[Exercise]:
Skip the pictures. Quote every line below, exactly, from the one with "- zongzi [237, 195, 397, 327]" through the final line.
-- Given information follows --
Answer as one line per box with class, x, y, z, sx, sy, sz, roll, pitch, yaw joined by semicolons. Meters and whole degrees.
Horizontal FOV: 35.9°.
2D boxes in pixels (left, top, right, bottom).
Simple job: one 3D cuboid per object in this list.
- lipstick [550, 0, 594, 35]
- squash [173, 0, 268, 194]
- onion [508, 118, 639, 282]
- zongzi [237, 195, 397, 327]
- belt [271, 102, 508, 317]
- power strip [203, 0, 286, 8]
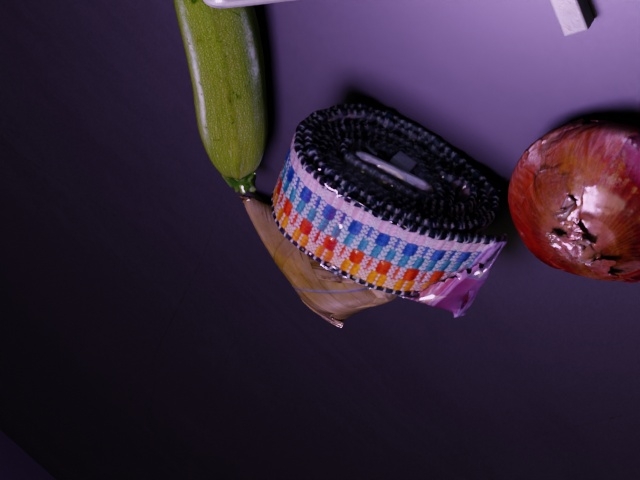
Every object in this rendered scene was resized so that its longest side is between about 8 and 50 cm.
lipstick;0.260;-0.289;1.077;0.030;0.030;0.129;-9;121;39
squash;-0.128;-0.231;1.335;0.107;0.107;0.395;15;135;23
onion;0.331;-0.026;1.165;0.230;0.163;0.230;12;131;14
zongzi;0.000;0.000;1.439;0.256;0.115;0.228;51;155;-4
belt;0.084;-0.042;1.292;0.295;0.207;0.160;22;134;-5
power strip;-0.010;-0.331;1.112;0.264;0.194;0.059;-8;127;-6
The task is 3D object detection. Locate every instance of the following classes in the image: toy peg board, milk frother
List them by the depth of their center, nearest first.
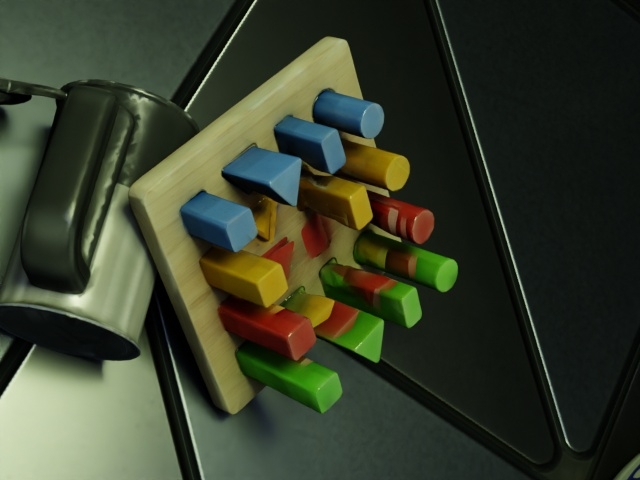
-- Given information concluded --
[Task output]:
- zongzi [237, 195, 397, 327]
- belt [271, 102, 508, 317]
- power strip [203, 0, 286, 8]
Every object in this rendered scene was resized so that its longest side is between about 8 and 50 cm.
lipstick;0.260;-0.289;1.077;0.030;0.030;0.129;-9;121;39
squash;-0.128;-0.231;1.335;0.107;0.107;0.395;15;135;23
onion;0.331;-0.026;1.165;0.230;0.163;0.230;12;131;14
zongzi;0.000;0.000;1.439;0.256;0.115;0.228;51;155;-4
belt;0.084;-0.042;1.292;0.295;0.207;0.160;22;134;-5
power strip;-0.010;-0.331;1.112;0.264;0.194;0.059;-8;127;-6
The task is 3D object detection. Locate every instance of the following classes in the image: toy peg board, milk frother
List them by the depth of their center, nearest first.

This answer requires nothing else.